In 1955, the Government decided to develop oil and natural gas resources in the country, and set up Oil and Natural Gas Directorate under the then Ministry of Natural Resources and Scientific Research. The department was constituted with a nucleus of scientists from the Geological Survey of India.

At the helm of affairs was K D Malviya, the then Minister of Natural Resources. Malviya, a freedom fighter and Nehru loyalist, visited several countries to study the oil industry, and to facilitate training of Indian professionals for exploration.

"Our house and family was totally absorbed in the story of Indian oil,” says Malviya's daughter Asha Seth. “He did not directly discuss the challenges as the first oil minister, but I was party to it as he often discussed it with colleagues and friends,” adds Seth who now lives in Mumbai. She has held directorial positions in companies, and is the founder member and part of the governing council of The Indian National Trust for Art and Cultural Heritage.

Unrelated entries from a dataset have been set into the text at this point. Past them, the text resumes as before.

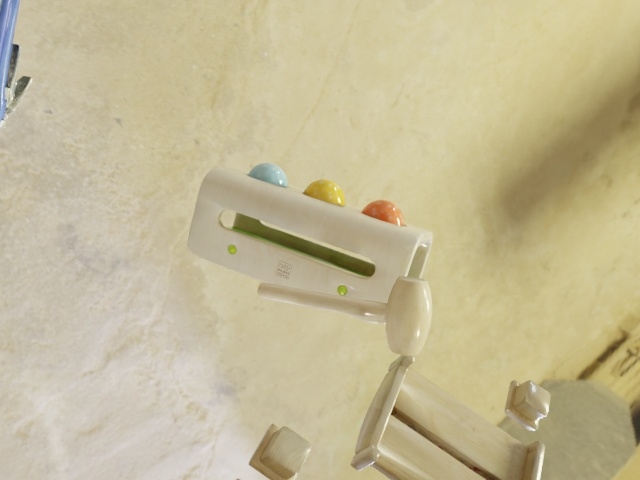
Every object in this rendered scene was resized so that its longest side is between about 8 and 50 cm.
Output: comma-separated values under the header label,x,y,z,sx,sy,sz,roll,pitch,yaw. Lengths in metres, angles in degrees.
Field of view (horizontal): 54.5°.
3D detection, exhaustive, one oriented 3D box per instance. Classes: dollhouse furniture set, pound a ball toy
label,x,y,z,sx,sy,sz,roll,pitch,yaw
dollhouse furniture set,0.059,0.253,0.693,0.174,0.303,0.356,-51,-175,47
pound a ball toy,0.000,0.000,0.724,0.208,0.319,0.136,-8,116,-70

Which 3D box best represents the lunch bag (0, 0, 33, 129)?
label,x,y,z,sx,sy,sz,roll,pitch,yaw
lunch bag,-0.304,-0.139,0.309,0.303,0.115,0.243,9,99,-46
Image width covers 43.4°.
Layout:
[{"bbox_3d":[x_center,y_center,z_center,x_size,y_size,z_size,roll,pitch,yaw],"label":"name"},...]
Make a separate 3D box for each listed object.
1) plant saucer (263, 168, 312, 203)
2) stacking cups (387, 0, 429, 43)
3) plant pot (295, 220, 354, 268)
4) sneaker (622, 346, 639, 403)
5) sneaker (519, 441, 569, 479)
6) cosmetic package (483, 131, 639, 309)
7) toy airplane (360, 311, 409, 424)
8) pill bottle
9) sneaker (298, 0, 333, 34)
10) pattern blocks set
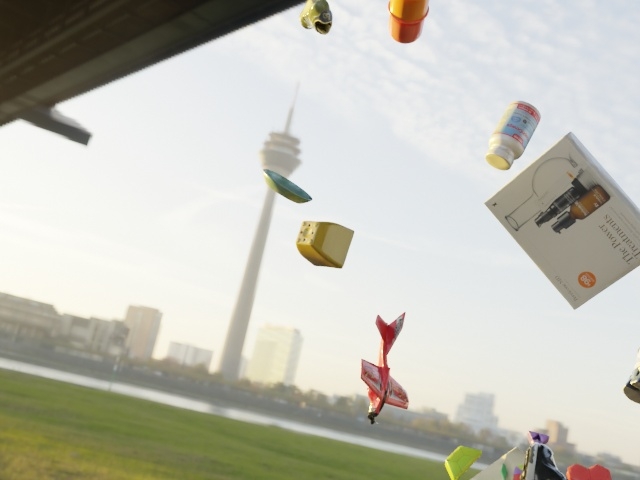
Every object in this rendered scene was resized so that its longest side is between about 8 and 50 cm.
[{"bbox_3d":[-0.072,-0.107,1.650,0.119,0.021,0.119,31,10,-6],"label":"plant saucer"},{"bbox_3d":[0.152,-0.453,1.350,0.096,0.096,0.316,12,-29,5],"label":"stacking cups"},{"bbox_3d":[0.000,0.000,1.549,0.082,0.081,0.083,4,-20,46],"label":"plant pot"},{"bbox_3d":[0.801,0.233,1.761,0.127,0.182,0.315,32,-36,-15],"label":"sneaker"},{"bbox_3d":[0.368,0.427,1.246,0.124,0.107,0.283,11,24,12],"label":"sneaker"},{"bbox_3d":[0.662,-0.050,2.112,0.284,0.377,0.097,-44,-8,33],"label":"cosmetic package"},{"bbox_3d":[0.080,0.159,1.023,0.028,0.151,0.151,2,-16,31],"label":"toy airplane"},{"bbox_3d":[0.459,-0.250,1.931,0.087,0.160,0.087,27,-19,10],"label":"pill bottle"},{"bbox_3d":[-0.009,-0.590,2.171,0.064,0.086,0.192,-23,-2,-12],"label":"sneaker"},{"bbox_3d":[0.356,0.475,1.485,0.285,0.325,0.026,25,-43,31],"label":"pattern blocks set"}]

Malviya was completely absorbed by the challenge to discover oil, Seth recollects. “Often in his elected constituency (Basti in Uttar Pradesh), he would talk to the people about the excitement of oil and how its discovery would change the life of women, who otherwise had to tread miles to collect wood for fuel."

A socialist, Malviya was passionate about how scientists analysed exploration, "and what discovery of oil could ultimately do to Indian economy, therefore benefiting the poorer sections of society," says Seth.

It was just a decade after Independence, and there was considerable excitement about oil exploration. Malviya even earned the ire of foreign oil companies. Malviya, pushed by his wife, turned down an offer to become ambassador to the USSR.

"Advising my father, my mother had said, 'This job i.e. discovery of oil is more important for the poor of the country than going to USSR. You must stay back in India and not take this ambassadorial post’.”